Source data:
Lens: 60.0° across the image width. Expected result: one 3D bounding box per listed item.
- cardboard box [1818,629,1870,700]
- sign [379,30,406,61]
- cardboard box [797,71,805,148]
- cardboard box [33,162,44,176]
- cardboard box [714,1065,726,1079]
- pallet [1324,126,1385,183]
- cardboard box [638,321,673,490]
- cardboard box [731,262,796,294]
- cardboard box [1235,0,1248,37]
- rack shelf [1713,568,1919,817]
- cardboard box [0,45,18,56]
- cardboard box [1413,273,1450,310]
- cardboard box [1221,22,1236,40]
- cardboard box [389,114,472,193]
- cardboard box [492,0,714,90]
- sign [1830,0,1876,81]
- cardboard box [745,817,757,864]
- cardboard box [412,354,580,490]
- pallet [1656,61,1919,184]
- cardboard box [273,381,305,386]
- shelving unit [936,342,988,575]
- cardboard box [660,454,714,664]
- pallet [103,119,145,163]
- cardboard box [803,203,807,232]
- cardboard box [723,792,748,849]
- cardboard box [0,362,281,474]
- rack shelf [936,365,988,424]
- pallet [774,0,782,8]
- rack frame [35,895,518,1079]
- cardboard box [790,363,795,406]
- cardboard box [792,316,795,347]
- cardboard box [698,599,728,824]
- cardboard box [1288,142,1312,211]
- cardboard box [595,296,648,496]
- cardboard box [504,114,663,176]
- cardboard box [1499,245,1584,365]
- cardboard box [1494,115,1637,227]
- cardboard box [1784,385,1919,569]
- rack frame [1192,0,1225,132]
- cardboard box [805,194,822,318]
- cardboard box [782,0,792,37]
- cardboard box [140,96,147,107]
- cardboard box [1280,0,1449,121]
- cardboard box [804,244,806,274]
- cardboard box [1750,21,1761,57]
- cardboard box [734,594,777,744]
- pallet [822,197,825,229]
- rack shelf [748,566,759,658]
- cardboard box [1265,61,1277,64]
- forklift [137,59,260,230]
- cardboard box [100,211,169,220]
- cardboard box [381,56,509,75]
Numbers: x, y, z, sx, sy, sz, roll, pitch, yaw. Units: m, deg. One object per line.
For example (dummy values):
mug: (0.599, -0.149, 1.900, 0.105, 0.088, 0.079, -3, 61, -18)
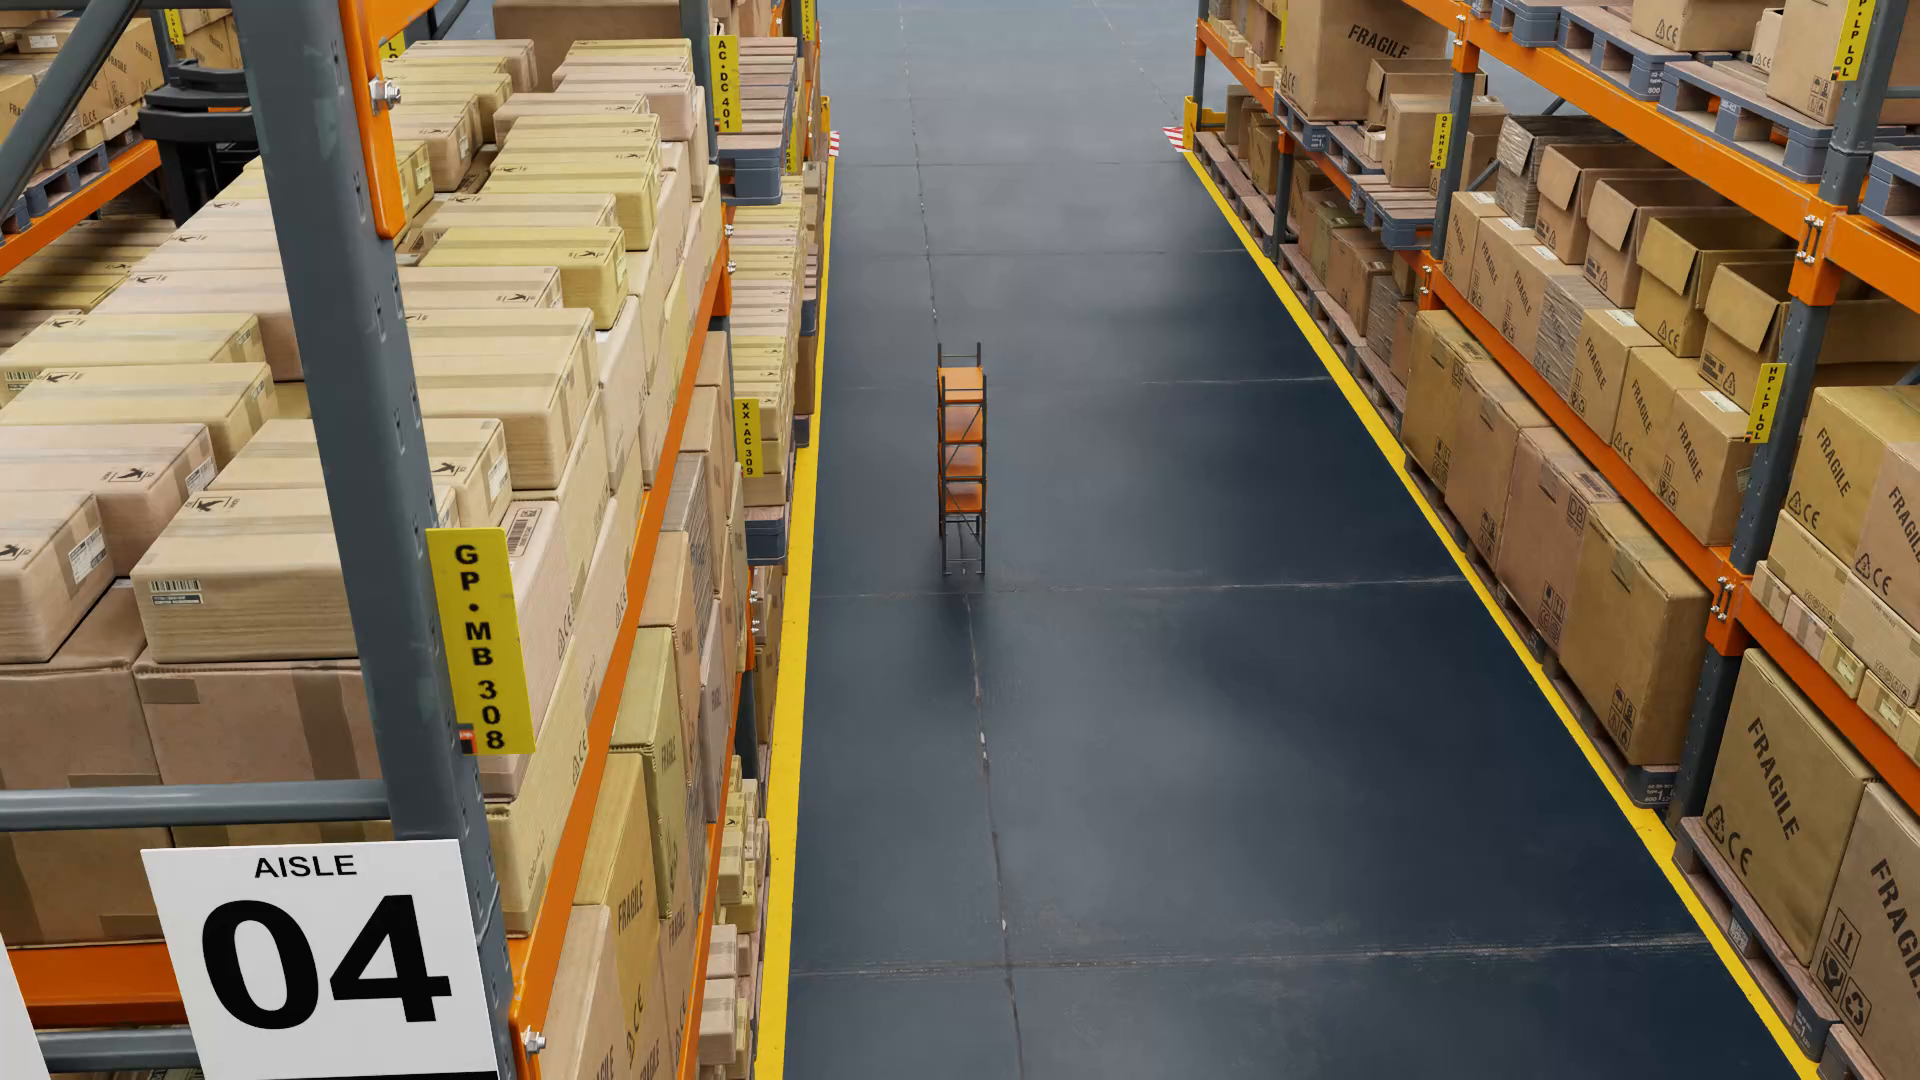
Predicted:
cardboard box: (3.323, 0.440, 5.934, 0.380, 0.149, 0.250, -1, 28, -1)
sign: (-1.901, -1.705, 5.546, 0.100, 0.325, 0.005, -1, 28, -3)
cardboard box: (-1.444, -3.257, 12.642, 0.500, 0.500, 0.500, -2, 28, -3)
cardboard box: (-6.413, -2.521, 11.158, 0.380, 0.149, 0.250, 0, 28, -1)
cardboard box: (-0.986, 1.865, 5.559, 0.380, 0.149, 0.250, -1, 28, -2)
pallet: (3.258, -2.734, 11.956, 1.003, 0.211, 1.213, -1, 28, -3)
cardboard box: (-0.986, -0.335, 4.067, 0.500, 0.250, 0.500, -2, 28, -3)
cardboard box: (-0.995, -1.239, 8.056, 0.380, 0.149, 0.250, -1, 28, -1)
cardboard box: (3.115, -5.062, 15.782, 0.875, 0.500, 0.500, -1, 28, -3)
rack shelf: (3.716, 1.184, 5.015, 1.077, 0.370, 4.000, -1, 28, -3)
cardboard box: (-6.926, -3.193, 11.745, 0.500, 0.500, 0.500, -2, 28, -3)
cardboard box: (3.338, -1.634, 11.056, 0.500, 0.250, 0.500, 0, 28, -1)
cardboard box: (2.787, -5.005, 16.374, 0.380, 0.149, 0.250, -1, 28, -3)
cardboard box: (-1.521, -1.026, 4.421, 0.380, 0.149, 0.250, -2, 28, -4)
cardboard box: (-1.257, -1.724, 6.006, 0.700, 0.500, 0.500, -1, 28, -3)
sign: (3.070, -1.740, 5.699, 0.100, 0.325, 0.005, -1, 28, -3)
cardboard box: (-0.987, 1.223, 6.469, 0.380, 0.149, 0.250, -3, 28, -5)
cardboard box: (-0.864, -0.201, 2.838, 0.380, 0.149, 0.250, -1, 28, -3)
pallet: (3.514, -1.726, 6.779, 0.805, 0.209, 1.217, -2, 28, -5)
cardboard box: (-1.468, -0.303, 3.465, 0.500, 0.250, 0.500, -1, 28, -2)
shelving unit: (0.009, -0.456, 9.326, 0.258, 1.200, 0.503, -1, 28, -3)
cardboard box: (-1.008, 0.081, 4.841, 0.500, 0.500, 0.500, -1, 28, -1)
pallet: (-6.808, -3.073, 12.605, 1.003, 0.211, 1.213, -1, 28, -3)
cardboard box: (-1.076, -1.823, 9.497, 0.380, 0.149, 0.250, -1, 28, -2)
cardboard box: (-1.016, 1.103, 6.376, 0.380, 0.149, 0.250, -1, 28, -2)
cardboard box: (-1.378, -0.182, 2.801, 0.380, 0.149, 0.250, -2, 28, -4)
rack shelf: (0.009, -0.804, 9.144, 0.258, 0.148, 0.480, -1, 28, -3)
pallet: (-1.643, -3.375, 9.938, 1.213, 0.211, 1.003, 0, 28, 0)
rack frame: (-1.138, 1.861, 2.937, 1.000, 3.000, 0.127, -1, 28, -3)
cardboard box: (-0.964, -0.731, 7.725, 0.380, 0.149, 0.250, -3, 28, -5)
cardboard box: (-0.982, -0.991, 7.903, 0.380, 0.149, 0.250, -2, 28, -4)
cardboard box: (-0.989, 0.524, 5.072, 0.500, 0.500, 0.500, -2, 28, -3)
cardboard box: (3.175, -3.281, 15.046, 0.500, 0.500, 0.500, 7, 28, 14)
cardboard box: (-0.944, -0.307, 3.473, 0.500, 0.250, 0.500, -1, 28, -2)
cardboard box: (-0.995, -1.029, 4.425, 0.380, 0.149, 0.250, -2, 28, -5)
cardboard box: (3.216, -1.245, 8.785, 0.500, 0.500, 0.500, -2, 28, -4)
cardboard box: (3.424, -2.057, 9.258, 0.797, 0.503, 0.637, 0, 28, -1)
cardboard box: (3.381, -0.229, 5.976, 0.500, 0.500, 0.500, -1, 28, -3)
rack frame: (2.985, -5.601, 17.244, 1.000, 3.000, 0.127, -1, 28, -3)
cardboard box: (-1.596, -2.139, 12.586, 1.050, 0.750, 0.750, -1, 28, -3)
cardboard box: (-1.750, -4.397, 13.606, 0.875, 0.550, 0.550, -1, 28, -3)
cardboard box: (-6.400, -3.358, 12.762, 0.380, 0.149, 0.250, -1, 28, -2)
cardboard box: (3.095, -3.835, 12.757, 1.000, 1.000, 1.000, -1, 28, -2)
cardboard box: (-1.060, -1.576, 9.346, 0.380, 0.149, 0.250, -1, 28, -3)
cardboard box: (3.683, -2.155, 7.212, 0.380, 0.149, 0.250, -2, 28, -5)
cardboard box: (-1.121, 0.589, 7.627, 0.500, 0.500, 0.500, 0, 28, -1)
pallet: (-1.726, -2.797, 14.884, 1.003, 0.211, 1.213, -1, 28, -3)
rack shelf: (-1.452, -0.590, 8.416, 1.077, 0.370, 4.000, -1, 28, -3)
cardboard box: (2.926, -4.198, 14.827, 0.380, 0.149, 0.250, -1, 28, -3)
forklift: (-3.239, -1.080, 8.651, 1.130, 2.935, 3.031, -2, 28, -3)
cardboard box: (-7.002, -2.748, 14.294, 0.500, 0.250, 0.500, 0, 28, 0)
cardboard box: (-1.593, -1.381, 5.101, 0.380, 0.149, 0.250, -3, 28, -5)

Problem: Your copy should match the records above exactly, apart from the pictures, which stay out.

Answer section:
Lens: 60.0° across the image width. Expected result: one 3D bounding box per listed item.
- cardboard box [1818,629,1870,700]
- sign [379,30,406,61]
- cardboard box [797,71,805,148]
- cardboard box [33,162,44,176]
- cardboard box [714,1065,726,1079]
- pallet [1324,126,1385,183]
- cardboard box [638,321,673,490]
- cardboard box [731,262,796,294]
- cardboard box [1235,0,1248,37]
- rack shelf [1713,568,1919,817]
- cardboard box [0,45,18,56]
- cardboard box [1413,273,1450,310]
- cardboard box [1221,22,1236,40]
- cardboard box [389,114,472,193]
- cardboard box [492,0,714,90]
- sign [1830,0,1876,81]
- cardboard box [745,817,757,864]
- cardboard box [412,354,580,490]
- pallet [1656,61,1919,184]
- cardboard box [273,381,305,386]
- shelving unit [936,342,988,575]
- cardboard box [660,454,714,664]
- pallet [103,119,145,163]
- cardboard box [803,203,807,232]
- cardboard box [723,792,748,849]
- cardboard box [0,362,281,474]
- rack shelf [936,365,988,424]
- pallet [774,0,782,8]
- rack frame [35,895,518,1079]
- cardboard box [790,363,795,406]
- cardboard box [792,316,795,347]
- cardboard box [698,599,728,824]
- cardboard box [1288,142,1312,211]
- cardboard box [595,296,648,496]
- cardboard box [504,114,663,176]
- cardboard box [1499,245,1584,365]
- cardboard box [1494,115,1637,227]
- cardboard box [1784,385,1919,569]
- rack frame [1192,0,1225,132]
- cardboard box [805,194,822,318]
- cardboard box [782,0,792,37]
- cardboard box [140,96,147,107]
- cardboard box [1280,0,1449,121]
- cardboard box [804,244,806,274]
- cardboard box [1750,21,1761,57]
- cardboard box [734,594,777,744]
- pallet [822,197,825,229]
- rack shelf [748,566,759,658]
- cardboard box [1265,61,1277,64]
- forklift [137,59,260,230]
- cardboard box [100,211,169,220]
- cardboard box [381,56,509,75]
Numbers: x, y, z, sx, sy, sz, roll, pitch, yaw. Units: m, deg. One object per line.
For example (dummy values):
mug: (0.599, -0.149, 1.900, 0.105, 0.088, 0.079, -3, 61, -18)
Predicted:
cardboard box: (3.323, 0.440, 5.934, 0.380, 0.149, 0.250, -1, 28, -1)
sign: (-1.901, -1.705, 5.546, 0.100, 0.325, 0.005, -1, 28, -3)
cardboard box: (-1.444, -3.257, 12.642, 0.500, 0.500, 0.500, -2, 28, -3)
cardboard box: (-6.413, -2.521, 11.158, 0.380, 0.149, 0.250, 0, 28, -1)
cardboard box: (-0.986, 1.865, 5.559, 0.380, 0.149, 0.250, -1, 28, -2)
pallet: (3.258, -2.734, 11.956, 1.003, 0.211, 1.213, -1, 28, -3)
cardboard box: (-0.986, -0.335, 4.067, 0.500, 0.250, 0.500, -2, 28, -3)
cardboard box: (-0.995, -1.239, 8.056, 0.380, 0.149, 0.250, -1, 28, -1)
cardboard box: (3.115, -5.062, 15.782, 0.875, 0.500, 0.500, -1, 28, -3)
rack shelf: (3.716, 1.184, 5.015, 1.077, 0.370, 4.000, -1, 28, -3)
cardboard box: (-6.926, -3.193, 11.745, 0.500, 0.500, 0.500, -2, 28, -3)
cardboard box: (3.338, -1.634, 11.056, 0.500, 0.250, 0.500, 0, 28, -1)
cardboard box: (2.787, -5.005, 16.374, 0.380, 0.149, 0.250, -1, 28, -3)
cardboard box: (-1.521, -1.026, 4.421, 0.380, 0.149, 0.250, -2, 28, -4)
cardboard box: (-1.257, -1.724, 6.006, 0.700, 0.500, 0.500, -1, 28, -3)
sign: (3.070, -1.740, 5.699, 0.100, 0.325, 0.005, -1, 28, -3)
cardboard box: (-0.987, 1.223, 6.469, 0.380, 0.149, 0.250, -3, 28, -5)
cardboard box: (-0.864, -0.201, 2.838, 0.380, 0.149, 0.250, -1, 28, -3)
pallet: (3.514, -1.726, 6.779, 0.805, 0.209, 1.217, -2, 28, -5)
cardboard box: (-1.468, -0.303, 3.465, 0.500, 0.250, 0.500, -1, 28, -2)
shelving unit: (0.009, -0.456, 9.326, 0.258, 1.200, 0.503, -1, 28, -3)
cardboard box: (-1.008, 0.081, 4.841, 0.500, 0.500, 0.500, -1, 28, -1)
pallet: (-6.808, -3.073, 12.605, 1.003, 0.211, 1.213, -1, 28, -3)
cardboard box: (-1.076, -1.823, 9.497, 0.380, 0.149, 0.250, -1, 28, -2)
cardboard box: (-1.016, 1.103, 6.376, 0.380, 0.149, 0.250, -1, 28, -2)
cardboard box: (-1.378, -0.182, 2.801, 0.380, 0.149, 0.250, -2, 28, -4)
rack shelf: (0.009, -0.804, 9.144, 0.258, 0.148, 0.480, -1, 28, -3)
pallet: (-1.643, -3.375, 9.938, 1.213, 0.211, 1.003, 0, 28, 0)
rack frame: (-1.138, 1.861, 2.937, 1.000, 3.000, 0.127, -1, 28, -3)
cardboard box: (-0.964, -0.731, 7.725, 0.380, 0.149, 0.250, -3, 28, -5)
cardboard box: (-0.982, -0.991, 7.903, 0.380, 0.149, 0.250, -2, 28, -4)
cardboard box: (-0.989, 0.524, 5.072, 0.500, 0.500, 0.500, -2, 28, -3)
cardboard box: (3.175, -3.281, 15.046, 0.500, 0.500, 0.500, 7, 28, 14)
cardboard box: (-0.944, -0.307, 3.473, 0.500, 0.250, 0.500, -1, 28, -2)
cardboard box: (-0.995, -1.029, 4.425, 0.380, 0.149, 0.250, -2, 28, -5)
cardboard box: (3.216, -1.245, 8.785, 0.500, 0.500, 0.500, -2, 28, -4)
cardboard box: (3.424, -2.057, 9.258, 0.797, 0.503, 0.637, 0, 28, -1)
cardboard box: (3.381, -0.229, 5.976, 0.500, 0.500, 0.500, -1, 28, -3)
rack frame: (2.985, -5.601, 17.244, 1.000, 3.000, 0.127, -1, 28, -3)
cardboard box: (-1.596, -2.139, 12.586, 1.050, 0.750, 0.750, -1, 28, -3)
cardboard box: (-1.750, -4.397, 13.606, 0.875, 0.550, 0.550, -1, 28, -3)
cardboard box: (-6.400, -3.358, 12.762, 0.380, 0.149, 0.250, -1, 28, -2)
cardboard box: (3.095, -3.835, 12.757, 1.000, 1.000, 1.000, -1, 28, -2)
cardboard box: (-1.060, -1.576, 9.346, 0.380, 0.149, 0.250, -1, 28, -3)
cardboard box: (3.683, -2.155, 7.212, 0.380, 0.149, 0.250, -2, 28, -5)
cardboard box: (-1.121, 0.589, 7.627, 0.500, 0.500, 0.500, 0, 28, -1)
pallet: (-1.726, -2.797, 14.884, 1.003, 0.211, 1.213, -1, 28, -3)
rack shelf: (-1.452, -0.590, 8.416, 1.077, 0.370, 4.000, -1, 28, -3)
cardboard box: (2.926, -4.198, 14.827, 0.380, 0.149, 0.250, -1, 28, -3)
forklift: (-3.239, -1.080, 8.651, 1.130, 2.935, 3.031, -2, 28, -3)
cardboard box: (-7.002, -2.748, 14.294, 0.500, 0.250, 0.500, 0, 28, 0)
cardboard box: (-1.593, -1.381, 5.101, 0.380, 0.149, 0.250, -3, 28, -5)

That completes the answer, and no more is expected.